Name: job title, dtype: object
An inspection of a sampling of the potentially unrelated jobs suggested that job postings that referred to a laboratory were more likely to focus on biology or related sciences. Similarly, job postings with titles that included “software engineer” were less likely to relate to data science. These keywords were used to filter these jobs from the data.
Results and Analysis
The results are not be current since they were drawn from non-static webpages.
I analyzed postings for 1692 jobs.
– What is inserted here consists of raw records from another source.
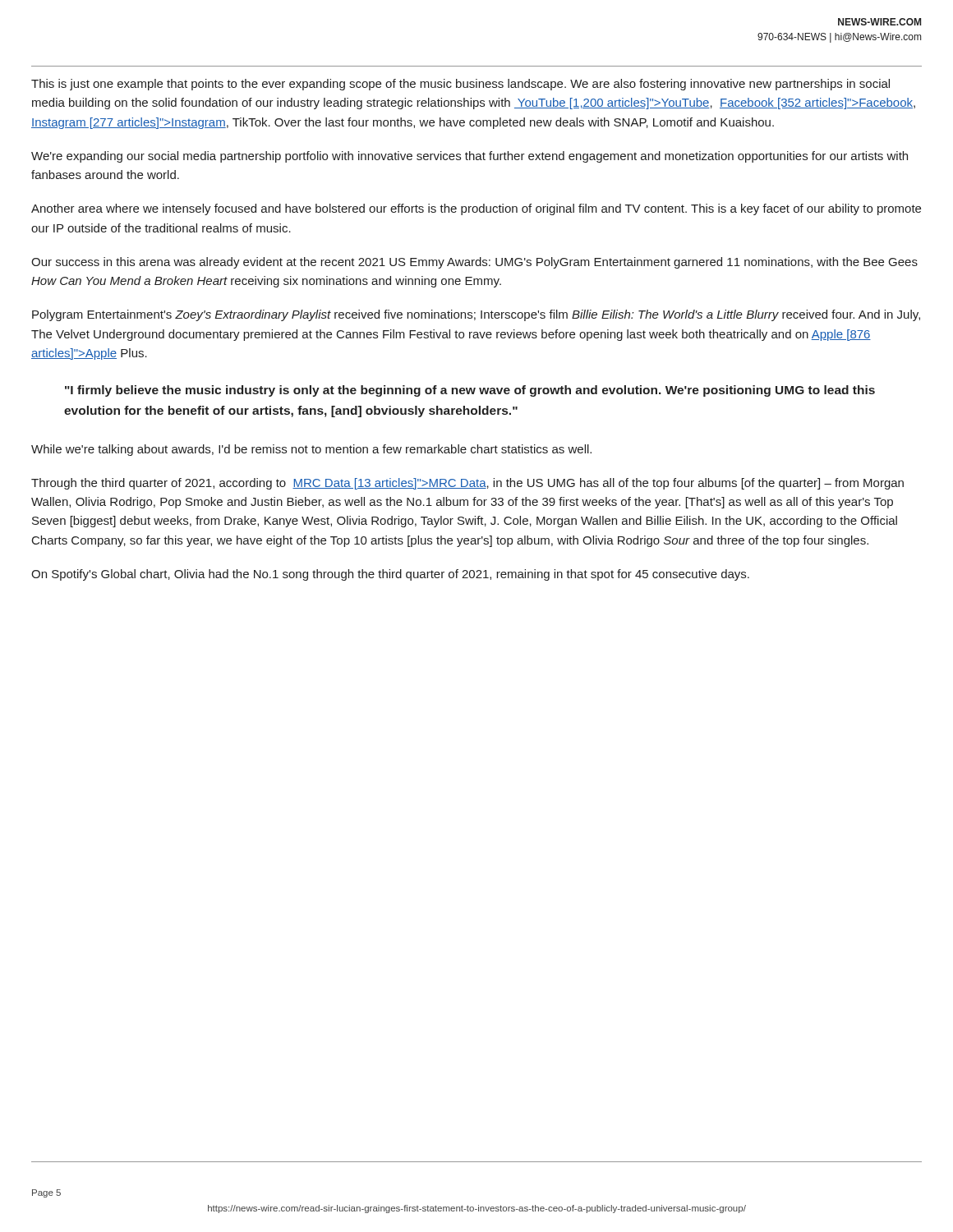Select the passage starting "Through the third quarter of 2021,"
Viewport: 953px width, 1232px height.
[x=468, y=511]
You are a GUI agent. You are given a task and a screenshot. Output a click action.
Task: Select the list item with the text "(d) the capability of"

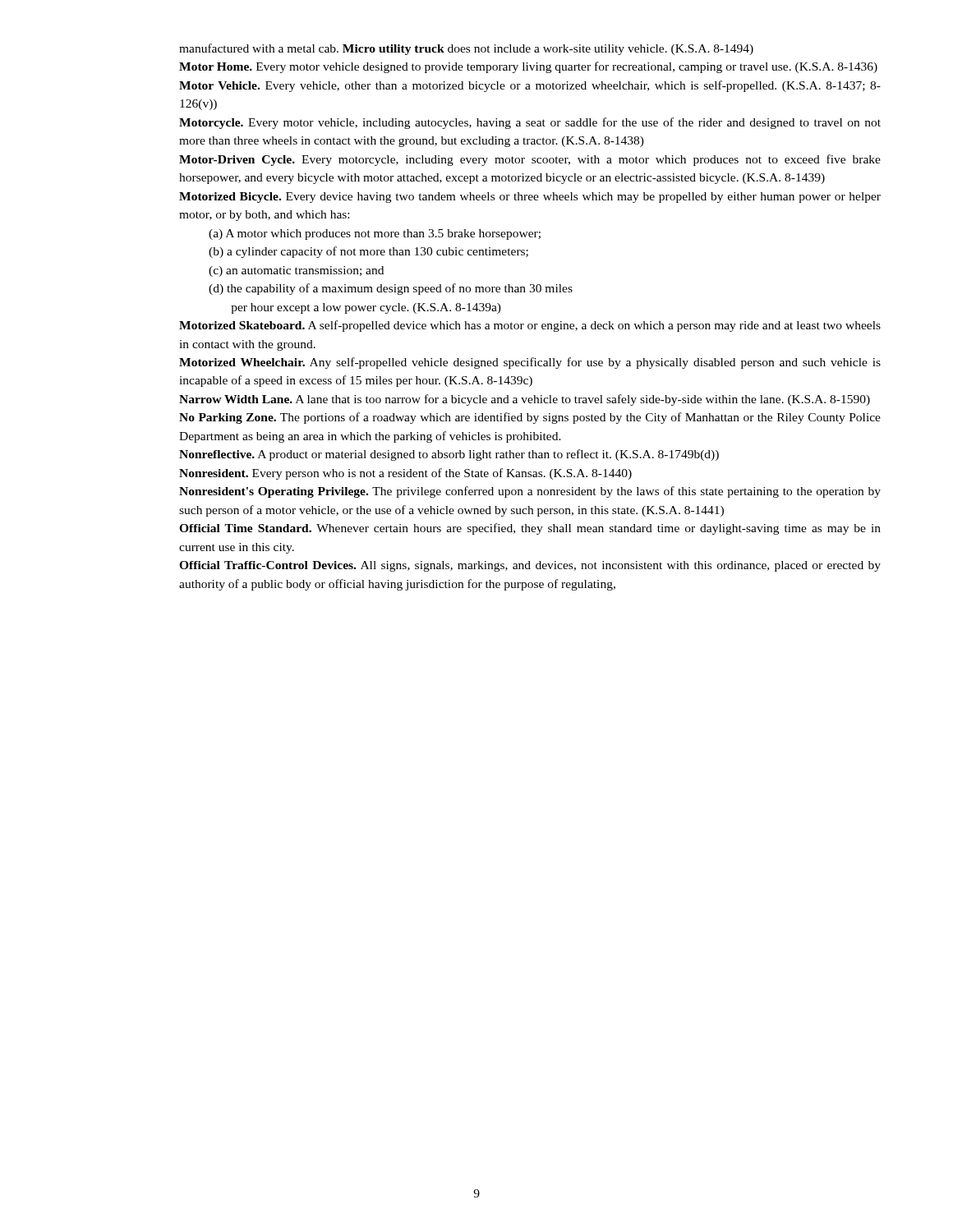(545, 298)

I removed 564 observations from the data, a 33.3% reduction, leaving 1128 observations. “Scientist” was by far the most common keyword, occurring in approximately 75% of observations, followed by PhD, “laboratory”, and bachelor’s degree (36%, 29% and 28%, respectively).
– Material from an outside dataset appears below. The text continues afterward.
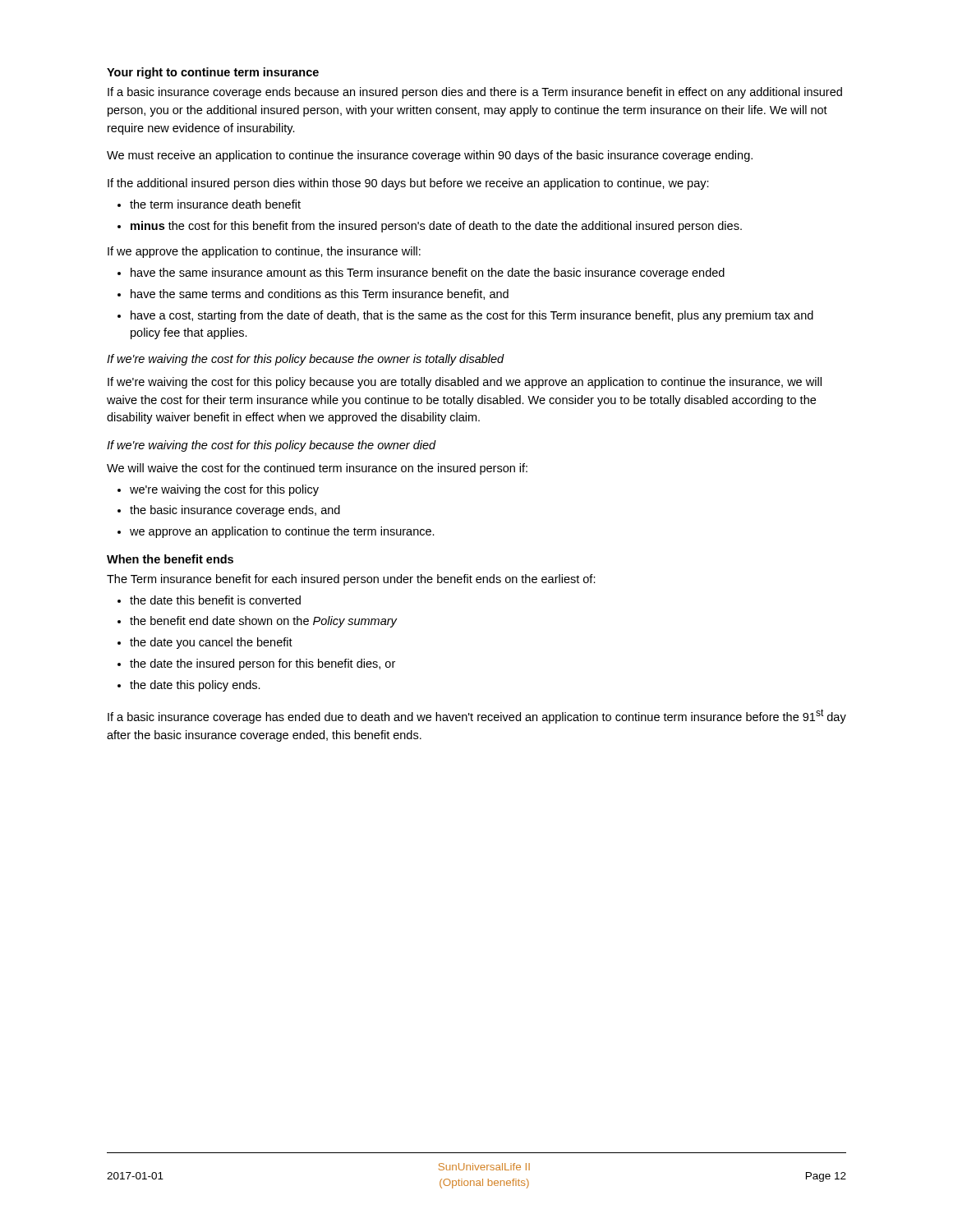Point to "the date this policy ends."
This screenshot has width=953, height=1232.
point(189,686)

print("Jobs analyzed: {}\nJob postings removed: {} ({}% change)\nRemaining postings: {}".format(master_dataframe.shape[0], master_dataframe.shape[0] - data_dataframe.shape[0], round(100 * (data_dataframe.shape[0] / master_dataframe.shape[0] - 1),1), data_dataframe.shape[0]))
print("\nKeywords\t\tFrequency\n{}".format(master_dataframe.drop('salary over 90000', axis = 1).describe().loc['mean'].sort_values(ascending = False)))
Jobs analyzed: 1692
Job postings removed: 564 (-33.3% change)
Remaining postings: 1128
Keywords Frequency
Scientist 0.791962
PhD OR ph.d 0.372340
Lab OR laboratory 0.336879
Bachelors OR BS OR BA 0.217494
Python 0.211584
Manager OR director 0.196809
Machine learning 0.167849
years experience 5 0.132388
years experience 3 0.131797
years experience 2 0.119385
Startup OR start-up 0.091017
years experience 1 0.085106
years experience 4 0.059102
Software engineer 0.048463
years experience 7 0.043735
years experience 6 0.033097
years experience 0 0.007092
Name: mean, dtype: float64
Of the keywords examined, Python, Scientist and Machine Learning were the strongest predictors of a job’s salary.
skl_logreg_model_coefficients.sort_values(by = 'coefficient', ascending = False)
coefficient | |
---|---|
Python | 0.273112 |
Scientist | 0.195354 |
Machine learning | 0.188584 |
Startup OR start-up | 0.068621 |
Manager OR director | 0.062443 |
PhD OR ph.d | 0.055231 |
years experience 5 | 0.053895 |
years experience 7 | 0.026132 |
Bachelors OR BS OR BA | 0.018832 |
years experience 3 | 0.011098 |
years experience 6 | 0.006221 |
years experience 0 | 0.006133 |
years experience 4 | 0.000689 |
years experience 2 | -0.013593 |
years experience 1 | -0.022556 |
plt.figure(figsize=(10,6))
sns.barplot(data = skl_logreg_model_coefficients.sort_values(by = 'coefficient', ascending = False).T, orient='h')
plt.title("Influence of Features on Predicting Job Salary")
sns.plt.show()
Conclusion
Python, Scientist, and Machine learning were the strongest predictors of salary. However this may be because these keywords are better correlated with data science roles; therefore, these keywords could be predicting a certain class of job from others which tend to have different corresponding salaries. (E.g., a data scientist is typically paid more than a data analyst.)
The model’s precision was likely impinged from the variability in Indeed.com’s salary estimates. If given more time, one could measure this variability by comparing job postings where the salary is explicitly stated to those with estimated salaries.